Maybe we should tax the fax

The Fax Machine: Technology That Refuses to Die, in today’s New York Times, reports that “the fax persists as a mockery of the much-predicted paperless society.” Sales of fax machines are rising.

The main businesses I encounter that still rely on faxing are doctors’ offices and pharmacies, and sure enough there was a mention of this in the article. The author and a CVS spokesman put this use in a positive light, touting the benefits of faxed prescriptions compared with telephoned or hand-carried prescriptions. Faxes provide a written record and reduce security issues associated with email, they say.
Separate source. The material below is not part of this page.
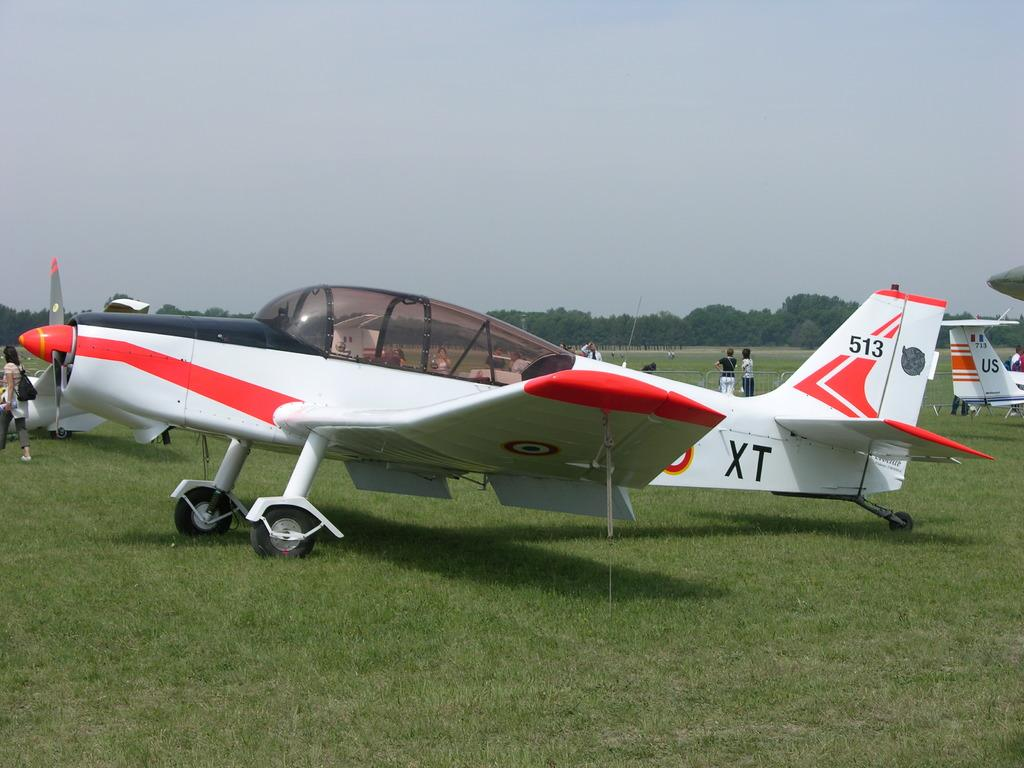<image>
Provide a brief description of the given image. A small craft airplane bearing the number 513 on the tail and the letters XT on the fuselage is parked on an airfield.

Think about these claims in relation to the financial services or airline industries and you will realize how far behind the times medicine is. Remember when you had to write out withdrawal slips by hand and wait in line for a bank teller? ATMs have been in place since the 1970s –with security and documentation controls that are more stringent than for pharmaceutical dispensing. Remember when your travel agent used to write out airline tickets using red carbon paper? Those days are long gone.

Even physicians who use “electronic” prescribing often print out the prescription and fax it in or hand it to the patient, eliminating most of the benefit. Change is under way, led by governmental and private payer e-prescribing programs, and enabling initiatives such as Rx Hub, but it’s slow going.

In the meantime, maybe we should consider a tax on faxed prescriptions to discourage their use and to speed adoption of 20th (or even 21st) century technologies.